5. **No Multicollinearity**: Independent variables should not be highly correlated.

  **How to check these assumptions**:
  - **Linearity**: Check residual plots.
  - **Independence**: Use Durbin-Watson test.
  - **Homoscedasticity**: Check residual vs. fitted plot.
  - **Normality**: Use Q-Q plot or Shapiro-Wilk test.
  - **Multicollinearity**: Check variance inflation factor (VIF).

### Q3: Interpretation of Slope and Intercept
- **Intercept (b₀)**: The predicted value of the dependent variable when all independent variables are zero. In the house price example, if square footage = 0, the intercept would represent the baseline price of a property with no square footage.
  
- **Slope (b₁, b₂, etc.)**: The change in the dependent variable for a one-unit increase in the independent variable. For instance, if **b₁** = 50, it means that for each additional square foot, the price increases by $50.

  **Example**: If the model is:

  \[
  \text{Price} = 10000 + 50 \times \text{Square footage}
  \]
  - The intercept (10,000) suggests that a house with 0 square feet has a base price of $10,000.
  - The slope (50) indicates that for every extra square foot, the price increases by $50.

### Q4: Concept of Gradient Descent
Gradient descent is an optimization algorithm used to minimize the cost function in machine learning. It updates the model's parameters iteratively to find the best-fit line by calculating the gradient of the cost function.
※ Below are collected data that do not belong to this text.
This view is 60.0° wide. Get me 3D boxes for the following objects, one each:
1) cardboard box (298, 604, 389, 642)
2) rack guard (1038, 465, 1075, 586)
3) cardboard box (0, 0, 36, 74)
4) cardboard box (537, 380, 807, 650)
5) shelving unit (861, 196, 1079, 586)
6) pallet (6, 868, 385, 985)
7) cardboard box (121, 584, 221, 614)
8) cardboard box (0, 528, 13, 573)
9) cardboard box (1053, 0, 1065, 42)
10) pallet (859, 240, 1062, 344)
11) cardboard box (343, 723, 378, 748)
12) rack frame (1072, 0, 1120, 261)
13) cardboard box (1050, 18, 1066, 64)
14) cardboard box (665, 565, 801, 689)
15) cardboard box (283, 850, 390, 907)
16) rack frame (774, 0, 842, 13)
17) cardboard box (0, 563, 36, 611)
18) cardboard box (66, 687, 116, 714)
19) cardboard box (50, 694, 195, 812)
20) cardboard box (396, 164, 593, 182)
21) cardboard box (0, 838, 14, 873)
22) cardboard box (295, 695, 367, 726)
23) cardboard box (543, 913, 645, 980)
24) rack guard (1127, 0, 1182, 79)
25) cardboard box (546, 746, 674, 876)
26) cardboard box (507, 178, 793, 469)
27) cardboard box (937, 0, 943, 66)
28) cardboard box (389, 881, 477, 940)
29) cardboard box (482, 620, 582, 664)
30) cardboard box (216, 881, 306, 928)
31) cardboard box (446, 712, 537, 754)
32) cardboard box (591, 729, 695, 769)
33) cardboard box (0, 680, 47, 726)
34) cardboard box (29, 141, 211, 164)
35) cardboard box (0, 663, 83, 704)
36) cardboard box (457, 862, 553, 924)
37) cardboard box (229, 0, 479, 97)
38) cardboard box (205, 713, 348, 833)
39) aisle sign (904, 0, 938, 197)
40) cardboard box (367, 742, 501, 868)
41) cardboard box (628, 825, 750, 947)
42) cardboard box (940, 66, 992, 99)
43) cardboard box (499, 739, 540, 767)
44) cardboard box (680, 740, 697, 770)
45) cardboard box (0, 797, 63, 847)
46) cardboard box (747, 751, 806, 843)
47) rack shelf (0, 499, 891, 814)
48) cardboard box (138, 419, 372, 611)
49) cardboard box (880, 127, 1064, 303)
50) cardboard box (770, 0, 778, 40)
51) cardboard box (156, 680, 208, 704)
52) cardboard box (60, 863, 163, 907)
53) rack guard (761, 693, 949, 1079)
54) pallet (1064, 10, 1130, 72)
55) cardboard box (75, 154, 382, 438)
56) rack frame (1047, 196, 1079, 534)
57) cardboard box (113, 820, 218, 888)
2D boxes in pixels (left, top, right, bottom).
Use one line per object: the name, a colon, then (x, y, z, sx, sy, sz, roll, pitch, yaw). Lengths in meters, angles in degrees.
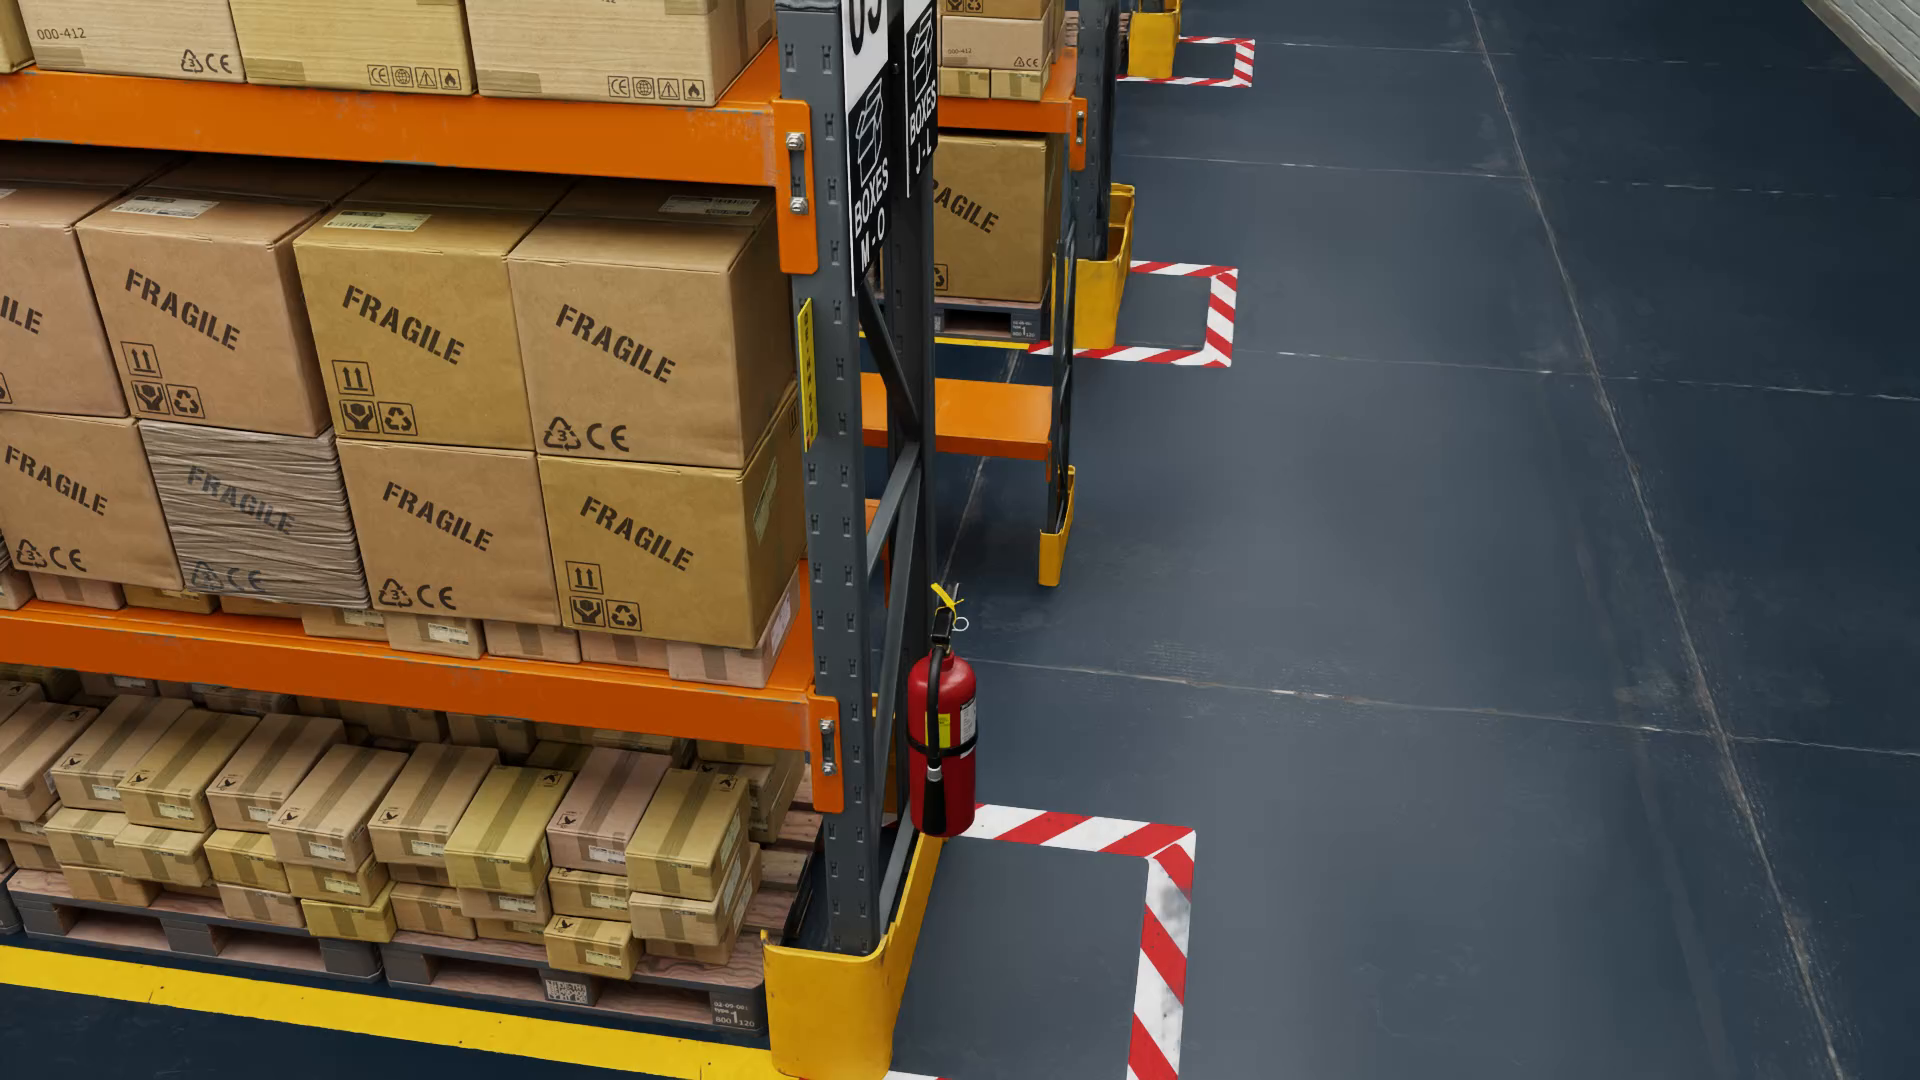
cardboard box: (-1.583, 0.101, 4.498, 0.250, 0.149, 0.380, 4, 32, 6)
rack guard: (0.416, -0.068, 7.124, 0.087, 0.250, 0.587, 5, 32, 8)
cardboard box: (-2.227, -1.259, 3.748, 0.500, 0.250, 0.500, 7, 33, 10)
cardboard box: (-0.702, -0.092, 4.196, 0.500, 0.500, 0.500, 6, 33, 9)
shelving unit: (-0.075, -0.643, 6.863, 1.083, 1.500, 0.587, 5, 32, 8)
pallet: (-2.284, 0.956, 5.524, 1.213, 0.211, 1.003, 5, 32, 8)
cardboard box: (-2.104, 0.031, 4.611, 0.250, 0.149, 0.380, 6, 32, 9)
cardboard box: (-2.733, -0.264, 4.469, 0.500, 0.500, 0.500, 5, 32, 7)
cardboard box: (0.291, -2.850, 8.837, 0.500, 0.250, 0.500, 4, 32, 7)
pallet: (-0.083, -1.452, 9.371, 1.213, 0.211, 1.003, 5, 32, 8)
cardboard box: (-1.992, 0.619, 5.444, 0.250, 0.149, 0.380, 7, 33, 11)
rack frame: (0.719, -2.603, 8.582, 0.127, 3.000, 1.000, 5, 32, 8)
cardboard box: (0.424, -2.701, 8.975, 0.250, 0.149, 0.380, 6, 32, 9)
cardboard box: (-0.584, 0.207, 4.329, 0.250, 0.149, 0.380, 5, 32, 8)
cardboard box: (-1.809, 0.903, 4.991, 0.250, 0.149, 0.380, 6, 32, 9)
rack frame: (-0.216, -2.561, 2.860, 0.127, 3.000, 1.000, 5, 32, 8)
cardboard box: (-2.628, 0.020, 4.628, 0.250, 0.149, 0.380, 7, 33, 10)
cardboard box: (-2.773, 0.509, 5.620, 0.250, 0.149, 0.380, 6, 33, 9)
cardboard box: (-2.554, 0.652, 5.111, 0.250, 0.149, 0.380, 4, 32, 6)
cardboard box: (-1.112, -0.831, 4.434, 0.500, 0.500, 0.500, 6, 33, 10)
cardboard box: (-3.079, 0.871, 5.323, 0.250, 0.149, 0.380, 5, 32, 7)
cardboard box: (-1.976, 0.428, 5.469, 0.250, 0.149, 0.380, 6, 32, 9)
cardboard box: (-1.040, 1.104, 4.950, 0.250, 0.149, 0.380, 6, 33, 10)
rack guard: (1.578, -4.139, 13.391, 0.348, 0.500, 1.175, 5, 32, 8)
cardboard box: (-1.018, 0.793, 4.887, 0.250, 0.149, 0.380, 6, 33, 9)
cardboard box: (-0.708, -0.521, 3.939, 0.500, 0.500, 0.500, 5, 32, 7)
cardboard box: (-0.304, -2.616, 8.463, 0.500, 0.250, 0.500, 5, 32, 7)
cardboard box: (-1.532, 1.020, 5.084, 0.250, 0.149, 0.380, 5, 32, 9)
cardboard box: (-1.073, 0.151, 4.419, 0.250, 0.149, 0.380, 5, 32, 8)
cardboard box: (-2.060, 0.995, 5.124, 0.250, 0.149, 0.380, 6, 33, 9)
cardboard box: (-1.452, 0.505, 5.346, 0.250, 0.149, 0.380, 4, 32, 6)
cardboard box: (-0.967, 0.574, 5.237, 0.250, 0.149, 0.380, 6, 33, 9)
cardboard box: (-3.074, 0.606, 5.186, 0.250, 0.149, 0.380, 4, 32, 7)
cardboard box: (-2.124, -0.933, 4.596, 0.500, 0.500, 0.500, 4, 32, 7)
cardboard box: (-3.016, 0.383, 5.541, 0.250, 0.149, 0.380, 6, 33, 10)
cardboard box: (-1.296, 0.943, 4.928, 0.250, 0.149, 0.380, 4, 32, 6)
cardboard box: (-1.213, -1.170, 3.607, 0.500, 0.250, 0.500, 5, 32, 8)
cardboard box: (-2.055, 0.703, 5.030, 0.250, 0.149, 0.380, 4, 32, 7)
aisle sign: (-0.093, -1.271, 4.003, 0.004, 0.787, 0.394, 5, 32, 8)
cardboard box: (-1.539, 0.780, 4.907, 0.250, 0.149, 0.380, 4, 32, 6)
cardboard box: (-0.784, 0.988, 4.855, 0.250, 0.149, 0.380, 4, 32, 7)
cardboard box: (0.056, -2.379, 8.460, 0.250, 0.149, 0.380, 6, 32, 9)
cardboard box: (-1.440, 0.596, 5.482, 0.250, 0.149, 0.380, 6, 33, 10)
cardboard box: (-0.949, 0.651, 5.394, 0.250, 0.149, 0.380, 5, 32, 8)
cardboard box: (-2.811, 0.770, 5.204, 0.250, 0.149, 0.380, 7, 33, 10)
cardboard box: (-0.678, 0.798, 5.439, 0.250, 0.149, 0.380, 6, 33, 9)
rack shelf: (-2.187, 0.108, 4.928, 4.000, 0.370, 1.077, 5, 32, 8)
cardboard box: (-1.710, -0.181, 4.338, 0.500, 0.500, 0.500, 5, 32, 8)
cardboard box: (0.074, -1.896, 9.059, 0.875, 0.875, 0.875, 5, 32, 8)
cardboard box: (-0.615, -1.400, 3.974, 0.500, 0.250, 0.500, 6, 33, 10)
cardboard box: (-2.466, 0.376, 5.552, 0.250, 0.149, 0.380, 4, 32, 6)
cardboard box: (-2.568, 0.950, 5.196, 0.250, 0.149, 0.380, 4, 32, 7)
rack guard: (-0.290, 1.034, 5.126, 0.348, 0.500, 1.175, 5, 32, 8)
pallet: (0.745, -4.106, 13.610, 1.213, 0.211, 1.003, 5, 32, 8)
cardboard box: (-1.722, -0.608, 4.078, 0.500, 0.500, 0.500, 7, 33, 11)
rack frame: (0.417, -0.598, 6.792, 0.032, 1.500, 0.500, 5, 32, 8)
cardboard box: (-2.335, 0.861, 5.059, 0.250, 0.149, 0.380, 5, 32, 9)

In linear regression, the cost function is typically Mean Squared Error (MSE), and gradient descent minimizes this by updating the weights using the formula:

\[
\theta_j = \theta_j - \alpha \frac{\partial}{\partial \theta_j} J(\theta)
\]

Where:
- \(\alpha\) is the learning rate
- \(J(\theta)\) is the cost function

### Q5: Multiple Linear Regression Model
Multiple linear regression extends the simple linear regression model to include more than one independent variable:

\[
Y = b_0 + b_1X_1 + b_2X_2 + \dots + b_nX_n
\]

The primary difference is the addition of more predictor variables in multiple regression. Each predictor variable has its own slope (coefficient), and together they account for more complex relationships.

### Q6: Multicollinearity in Multiple Linear Regression
**Multicollinearity** occurs when two or more independent variables are highly correlated, leading to unstable coefficients and inflated standard errors, making it hard to determine the effect of each variable.

**Detection**:
- Variance Inflation Factor (VIF): A VIF above 5 or 10 indicates multicollinearity.
- Correlation Matrix: Check for high correlations between independent variables.

**Addressing multicollinearity**:
- Remove or combine highly correlated variables.
- Use regularization techniques like Ridge or Lasso regression.

### Q7: Polynomial Regression Model
Polynomial regression is an extension of linear regression that models the relationship between the dependent and independent variable as an \(n\)-degree polynomial:

\[
Y = b_0 + b_1X + b_2X^2 + \dots + b_nX^n
\]

This allows for a curved relationship, unlike linear regression, which only models straight-line relationships.

**Difference**:
- **Linear regression** fits a straight line.
- **Polynomial regression** fits a curved line by introducing higher-degree terms of the independent variable.

### Q8: Advantages and Disadvantages of Polynomial Regression
- **Advantages**:
  - Can capture more complex relationships compared to linear regression.
  - More flexibility in fitting data points.

- **Disadvantages**:
  - Overfitting: Polynomial models can fit the training data too well, leading to poor generalization.
  - Higher complexity and interpretation difficulty.

**When to use polynomial regression**:
- When the relationship between variables is nonlinear.
- For example, in modeling growth rates that accelerate or decelerate over time, such as the spread of diseases.

In contrast, **linear regression** is preferred when the relationship between variables is approximately linear and simple.